■ **SOURCE MATERIAL**
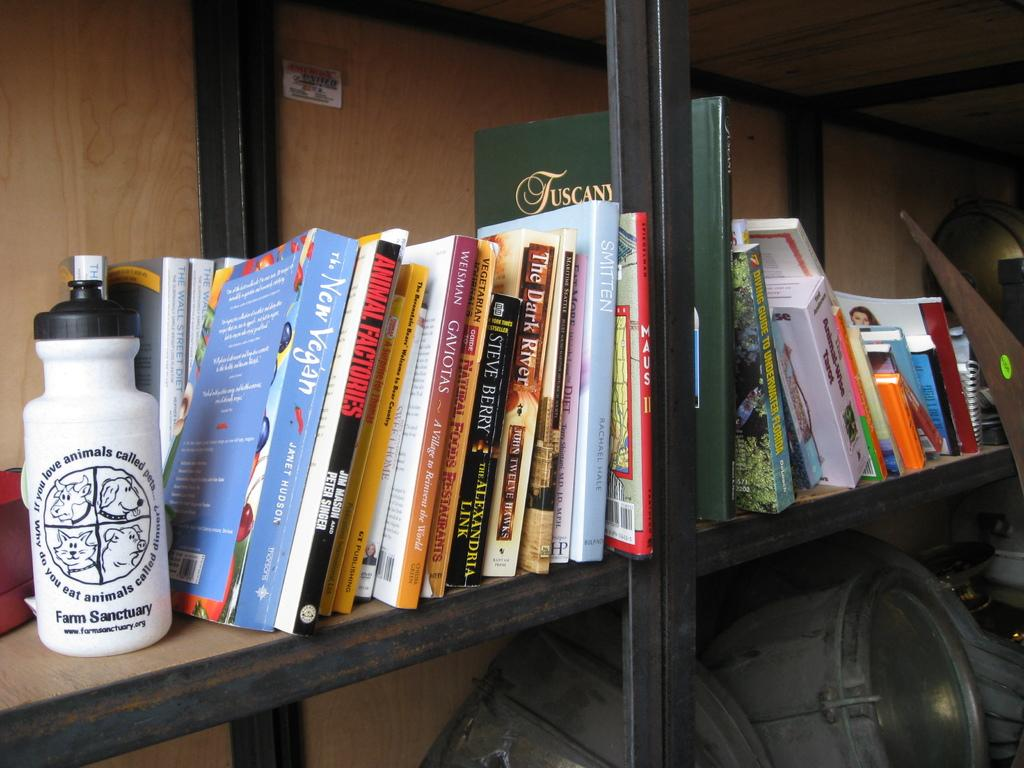Provide a one-sentence caption for the provided image. Several books standing on a bookshelf next to a Farm Sanctuary water bottle. 
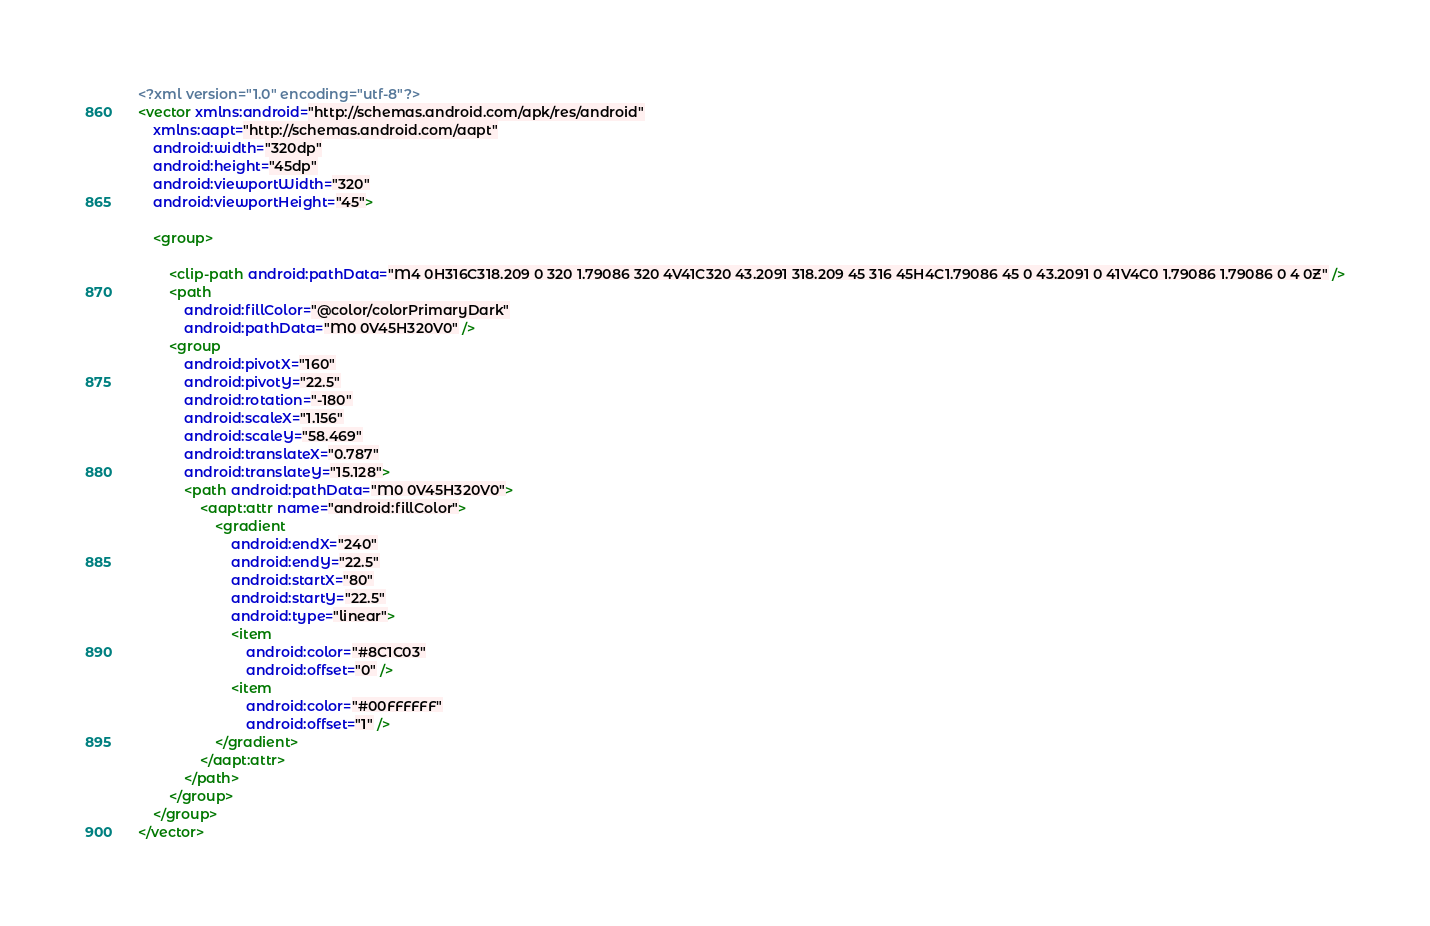<code> <loc_0><loc_0><loc_500><loc_500><_XML_><?xml version="1.0" encoding="utf-8"?>
<vector xmlns:android="http://schemas.android.com/apk/res/android"
    xmlns:aapt="http://schemas.android.com/aapt"
    android:width="320dp"
    android:height="45dp"
    android:viewportWidth="320"
    android:viewportHeight="45">

    <group>

        <clip-path android:pathData="M4 0H316C318.209 0 320 1.79086 320 4V41C320 43.2091 318.209 45 316 45H4C1.79086 45 0 43.2091 0 41V4C0 1.79086 1.79086 0 4 0Z" />
        <path
            android:fillColor="@color/colorPrimaryDark"
            android:pathData="M0 0V45H320V0" />
        <group
            android:pivotX="160"
            android:pivotY="22.5"
            android:rotation="-180"
            android:scaleX="1.156"
            android:scaleY="58.469"
            android:translateX="0.787"
            android:translateY="15.128">
            <path android:pathData="M0 0V45H320V0">
                <aapt:attr name="android:fillColor">
                    <gradient
                        android:endX="240"
                        android:endY="22.5"
                        android:startX="80"
                        android:startY="22.5"
                        android:type="linear">
                        <item
                            android:color="#8C1C03"
                            android:offset="0" />
                        <item
                            android:color="#00FFFFFF"
                            android:offset="1" />
                    </gradient>
                </aapt:attr>
            </path>
        </group>
    </group>
</vector>
</code> 
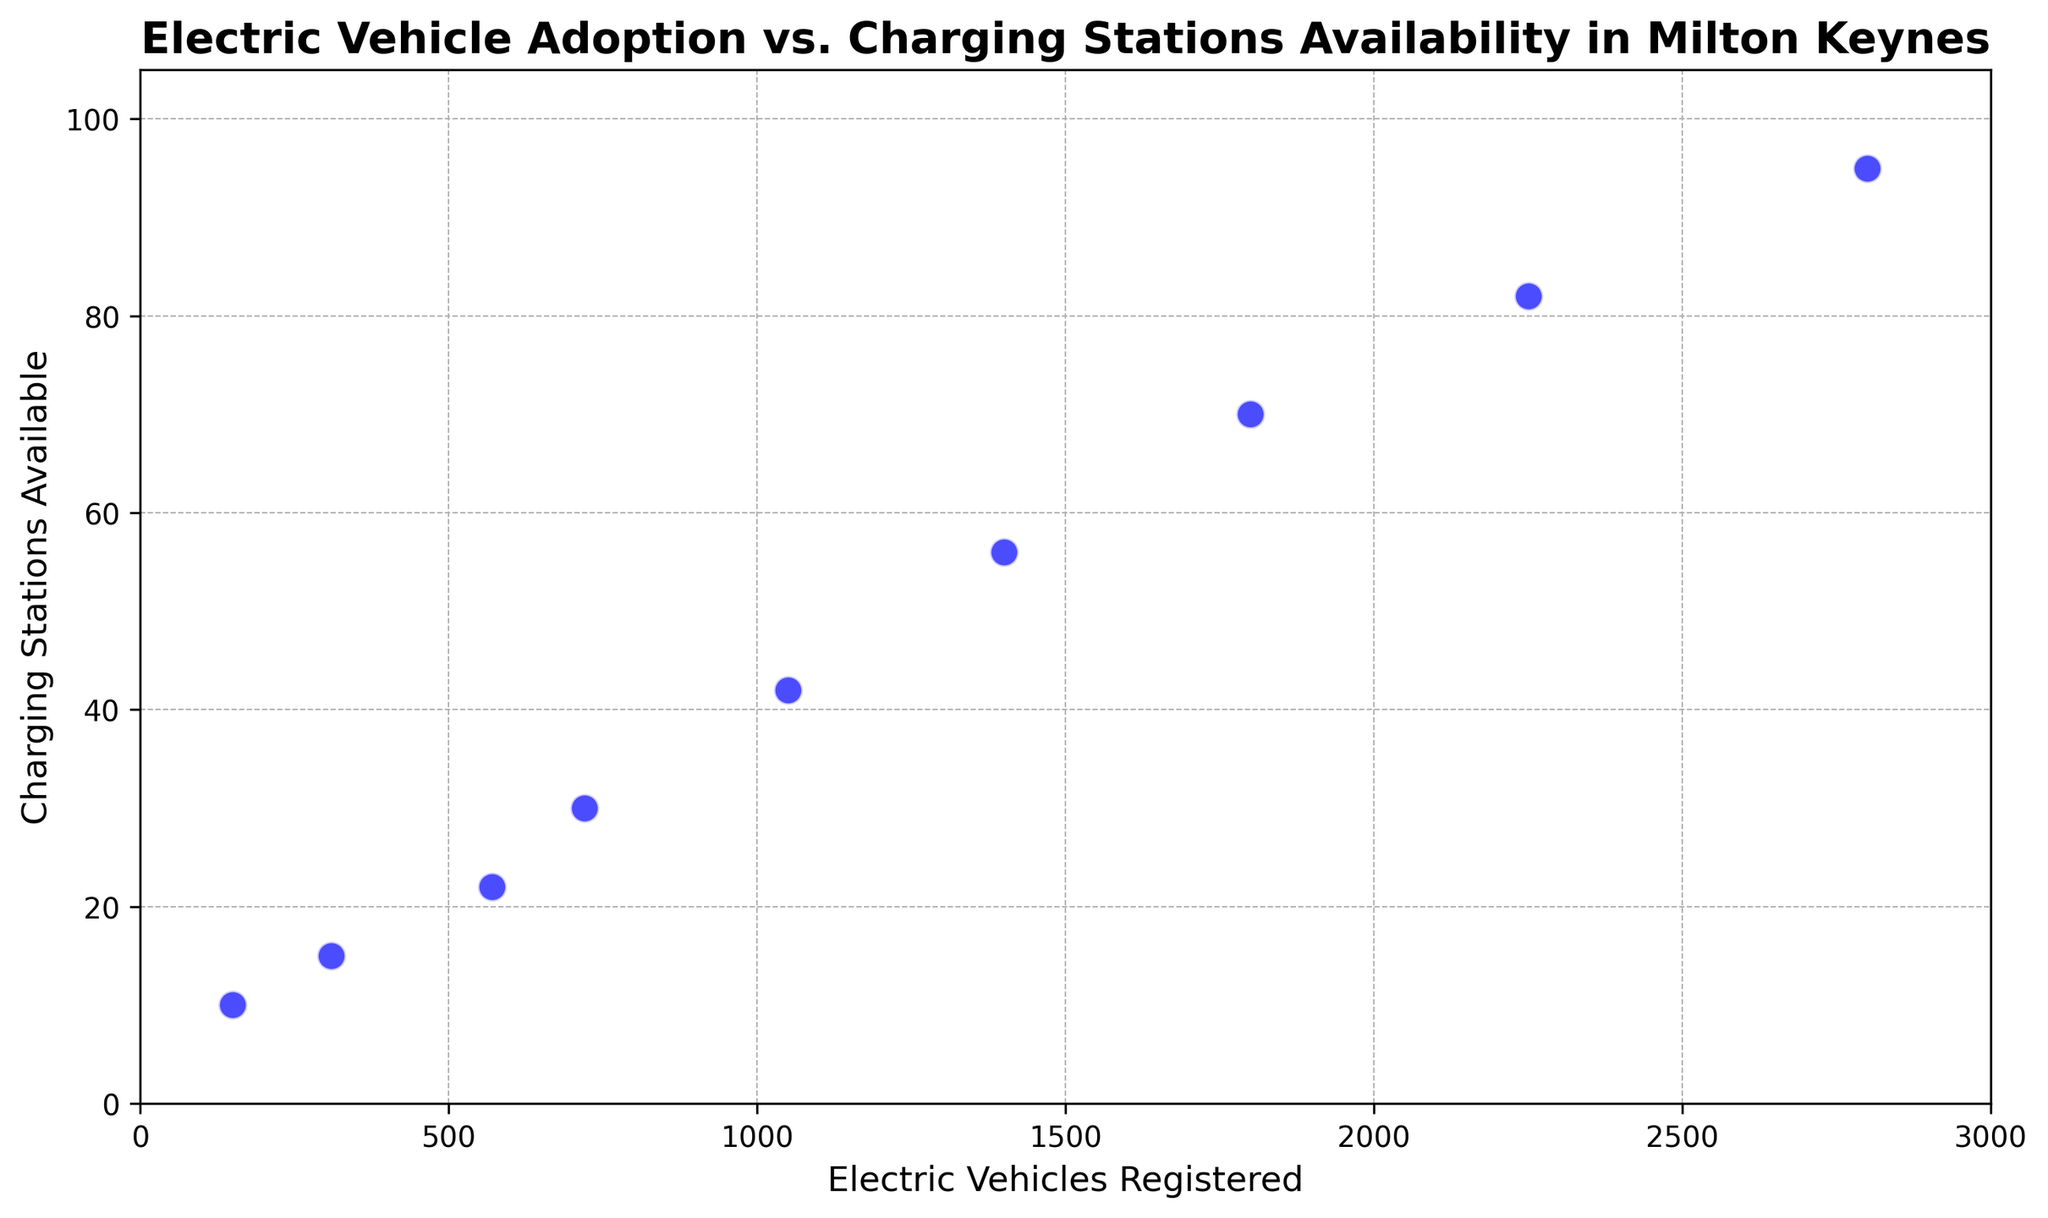what's the total number of electric vehicles registered from 2015 to 2023? Sum all the values for "Electric Vehicles Registered" from the data: 150 + 310 + 570 + 720 + 1050 + 1400 + 1800 + 2250 + 2800 = 10050
Answer: 10050 what year showed the largest increase in electric vehicles registered compared to the previous year? Calculate the year-on-year changes: 2016: 310 - 150 = 160, 2017: 570 - 310 = 260, 2018: 720 - 570 = 150, 2019: 1050 - 720 = 330, 2020: 1400 - 1050 = 350, 2021: 1800 - 1400 = 400, 2022: 2250 - 1800 = 450, 2023: 2800 - 2250 = 550. The largest increase is from 2022 to 2023.
Answer: 2023 what's the average number of charging stations available over the recorded years? Sum all the values for "Charging Stations Available": 10 + 15 + 22 + 30 + 42 + 56 + 70 + 82 + 95 = 422, then divide by the number of years, 422 / 9 ≈ 46.89
Answer: 46.89 how many more charging stations were there in 2023 compared to 2015? Subtract the number of charging stations in 2015 from the number in 2023: 95 - 10 = 85
Answer: 85 which year had exactly 30 charging stations available? Refer to the data to see that 2018 had exactly 30 charging stations available
Answer: 2018 was there any year where the number of charging stations available did not increase? Compare the "Charging Stations Available" values year-on-year, noting that it increases every year from 2015 to 2023.
Answer: No which has a higher value in 2019: the increase in electric vehicles or the increase in charging stations compared to the previous year? Calculate the increase from 2018 to 2019 for electric vehicles (1050 - 720 = 330) and for charging stations (42 - 30 = 12). Electric vehicles increased by 330 while charging stations increased by 12.
Answer: Electric vehicles how does the number of electric vehicles registered in 2021 compare to the number in 2020? Compare the values: 1800 (2021) - 1400 (2020) = 400 more electric vehicles registered in 2021 than in 2020.
Answer: 400 more have the number of charging stations increased proportionally with the number of electric vehicles registered? Analyze the trend from the scatter plot and data; both metrics show an increasing trend, but the rate of increase in electric vehicles is steeper than that of charging stations, indicating they are not perfectly proportional.
Answer: No what percentage of the total electric vehicles registered in 2023 accounts for all vehicles registered from 2015 to 2023? Calculate the percentage: (2800 / 10050) * 100 ≈ 27.86%
Answer: 27.86% 
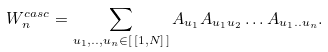<formula> <loc_0><loc_0><loc_500><loc_500>W _ { n } ^ { c a s c } = \sum _ { u _ { 1 } , . . , u _ { n } \in [ \, [ 1 , N ] \, ] } A _ { u _ { 1 } } A _ { u _ { 1 } u _ { 2 } } \dots A _ { u _ { 1 } . . u _ { n } } .</formula> 
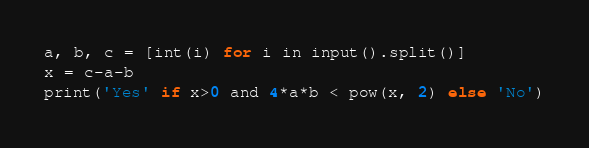Convert code to text. <code><loc_0><loc_0><loc_500><loc_500><_Python_>a, b, c = [int(i) for i in input().split()]
x = c-a-b
print('Yes' if x>0 and 4*a*b < pow(x, 2) else 'No')</code> 
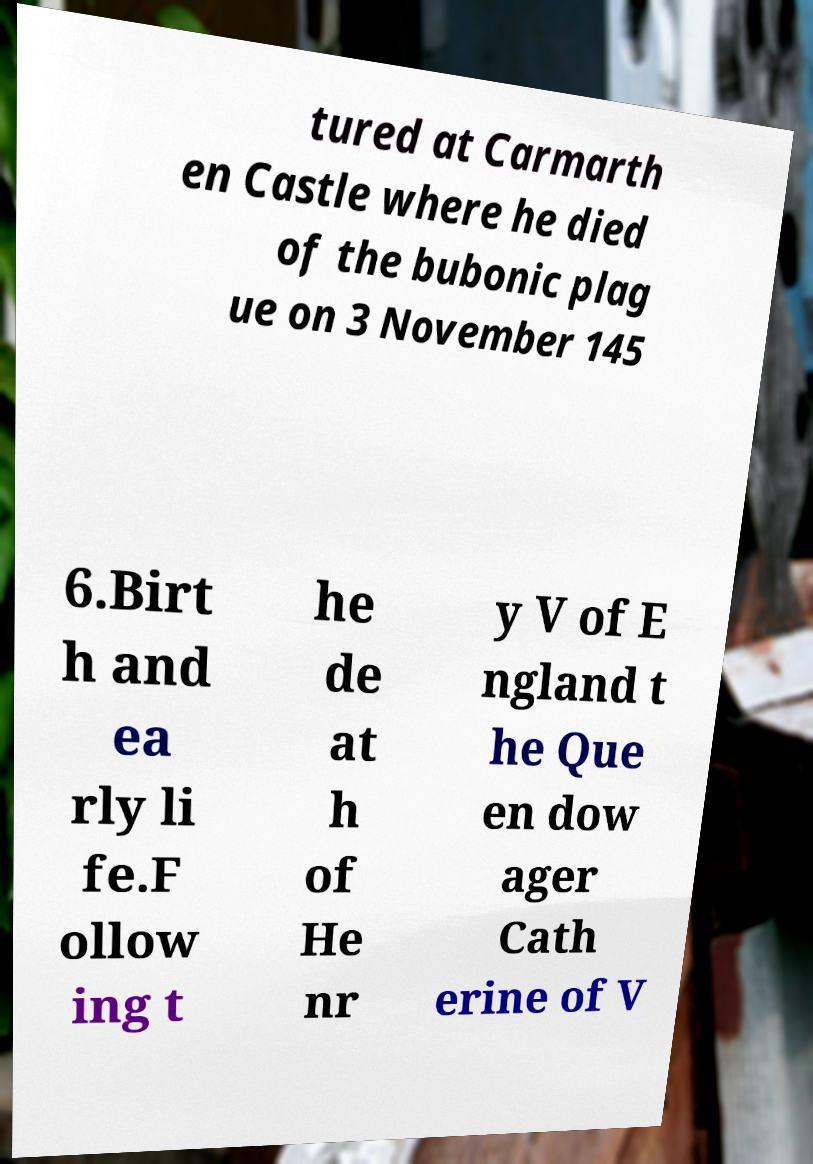Could you extract and type out the text from this image? tured at Carmarth en Castle where he died of the bubonic plag ue on 3 November 145 6.Birt h and ea rly li fe.F ollow ing t he de at h of He nr y V of E ngland t he Que en dow ager Cath erine of V 
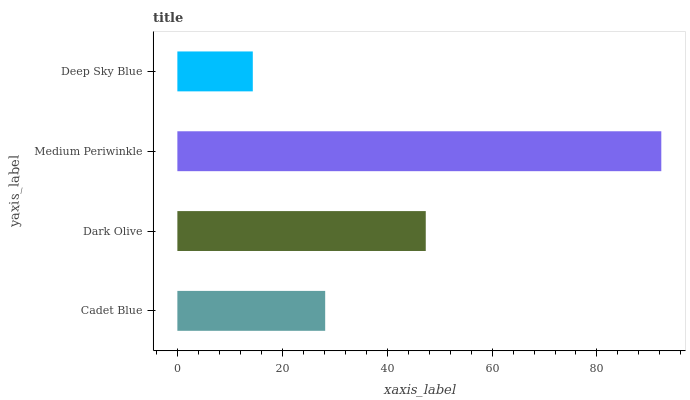Is Deep Sky Blue the minimum?
Answer yes or no. Yes. Is Medium Periwinkle the maximum?
Answer yes or no. Yes. Is Dark Olive the minimum?
Answer yes or no. No. Is Dark Olive the maximum?
Answer yes or no. No. Is Dark Olive greater than Cadet Blue?
Answer yes or no. Yes. Is Cadet Blue less than Dark Olive?
Answer yes or no. Yes. Is Cadet Blue greater than Dark Olive?
Answer yes or no. No. Is Dark Olive less than Cadet Blue?
Answer yes or no. No. Is Dark Olive the high median?
Answer yes or no. Yes. Is Cadet Blue the low median?
Answer yes or no. Yes. Is Cadet Blue the high median?
Answer yes or no. No. Is Deep Sky Blue the low median?
Answer yes or no. No.

■ **ACTIVITY**
Write out the data in full and exactly as given, though without the images.

■ **ANSWER**
Provide a one-sentence caption for the provided image. Several books standing on a bookshelf next to a Farm Sanctuary water bottle. 
<code> <loc_0><loc_0><loc_500><loc_500><_XML_><?xml version="1.0" encoding="utf-8"?>
<vector xmlns:android="http://schemas.android.com/apk/res/android"
    xmlns:aapt="http://schemas.android.com/aapt"
    android:width="320dp"
    android:height="45dp"
    android:viewportWidth="320"
    android:viewportHeight="45">

    <group>

        <clip-path android:pathData="M4 0H316C318.209 0 320 1.79086 320 4V41C320 43.2091 318.209 45 316 45H4C1.79086 45 0 43.2091 0 41V4C0 1.79086 1.79086 0 4 0Z" />
        <path
            android:fillColor="@color/colorPrimaryDark"
            android:pathData="M0 0V45H320V0" />
        <group
            android:pivotX="160"
            android:pivotY="22.5"
            android:rotation="-180"
            android:scaleX="1.156"
            android:scaleY="58.469"
            android:translateX="0.787"
            android:translateY="15.128">
            <path android:pathData="M0 0V45H320V0">
                <aapt:attr name="android:fillColor">
                    <gradient
                        android:endX="240"
                        android:endY="22.5"
                        android:startX="80"
                        android:startY="22.5"
                        android:type="linear">
                        <item
                            android:color="#8C1C03"
                            android:offset="0" />
                        <item
                            android:color="#00FFFFFF"
                            android:offset="1" />
                    </gradient>
                </aapt:attr>
            </path>
        </group>
    </group>
</vector>
</code> 
what's the total number of electric vehicles registered from 2015 to 2023? Sum all the values for "Electric Vehicles Registered" from the data: 150 + 310 + 570 + 720 + 1050 + 1400 + 1800 + 2250 + 2800 = 10050
Answer: 10050 what year showed the largest increase in electric vehicles registered compared to the previous year? Calculate the year-on-year changes: 2016: 310 - 150 = 160, 2017: 570 - 310 = 260, 2018: 720 - 570 = 150, 2019: 1050 - 720 = 330, 2020: 1400 - 1050 = 350, 2021: 1800 - 1400 = 400, 2022: 2250 - 1800 = 450, 2023: 2800 - 2250 = 550. The largest increase is from 2022 to 2023.
Answer: 2023 what's the average number of charging stations available over the recorded years? Sum all the values for "Charging Stations Available": 10 + 15 + 22 + 30 + 42 + 56 + 70 + 82 + 95 = 422, then divide by the number of years, 422 / 9 ≈ 46.89
Answer: 46.89 how many more charging stations were there in 2023 compared to 2015? Subtract the number of charging stations in 2015 from the number in 2023: 95 - 10 = 85
Answer: 85 which year had exactly 30 charging stations available? Refer to the data to see that 2018 had exactly 30 charging stations available
Answer: 2018 was there any year where the number of charging stations available did not increase? Compare the "Charging Stations Available" values year-on-year, noting that it increases every year from 2015 to 2023.
Answer: No which has a higher value in 2019: the increase in electric vehicles or the increase in charging stations compared to the previous year? Calculate the increase from 2018 to 2019 for electric vehicles (1050 - 720 = 330) and for charging stations (42 - 30 = 12). Electric vehicles increased by 330 while charging stations increased by 12.
Answer: Electric vehicles how does the number of electric vehicles registered in 2021 compare to the number in 2020? Compare the values: 1800 (2021) - 1400 (2020) = 400 more electric vehicles registered in 2021 than in 2020.
Answer: 400 more have the number of charging stations increased proportionally with the number of electric vehicles registered? Analyze the trend from the scatter plot and data; both metrics show an increasing trend, but the rate of increase in electric vehicles is steeper than that of charging stations, indicating they are not perfectly proportional.
Answer: No what percentage of the total electric vehicles registered in 2023 accounts for all vehicles registered from 2015 to 2023? Calculate the percentage: (2800 / 10050) * 100 ≈ 27.86%
Answer: 27.86% 
<formula> <loc_0><loc_0><loc_500><loc_500>W _ { n } ^ { c a s c } = \sum _ { u _ { 1 } , . . , u _ { n } \in [ \, [ 1 , N ] \, ] } A _ { u _ { 1 } } A _ { u _ { 1 } u _ { 2 } } \dots A _ { u _ { 1 } . . u _ { n } } .</formula> 
Convert code to text. <code><loc_0><loc_0><loc_500><loc_500><_Python_>a, b, c = [int(i) for i in input().split()]
x = c-a-b
print('Yes' if x>0 and 4*a*b < pow(x, 2) else 'No')</code> 
Could you extract and type out the text from this image? tured at Carmarth en Castle where he died of the bubonic plag ue on 3 November 145 6.Birt h and ea rly li fe.F ollow ing t he de at h of He nr y V of E ngland t he Que en dow ager Cath erine of V 
Is Deep Sky Blue the minimum?
Answer yes or no. Yes. Is Medium Periwinkle the maximum?
Answer yes or no. Yes. Is Dark Olive the minimum?
Answer yes or no. No. Is Dark Olive the maximum?
Answer yes or no. No. Is Dark Olive greater than Cadet Blue?
Answer yes or no. Yes. Is Cadet Blue less than Dark Olive?
Answer yes or no. Yes. Is Cadet Blue greater than Dark Olive?
Answer yes or no. No. Is Dark Olive less than Cadet Blue?
Answer yes or no. No. Is Dark Olive the high median?
Answer yes or no. Yes. Is Cadet Blue the low median?
Answer yes or no. Yes. Is Cadet Blue the high median?
Answer yes or no. No. Is Deep Sky Blue the low median?
Answer yes or no. No.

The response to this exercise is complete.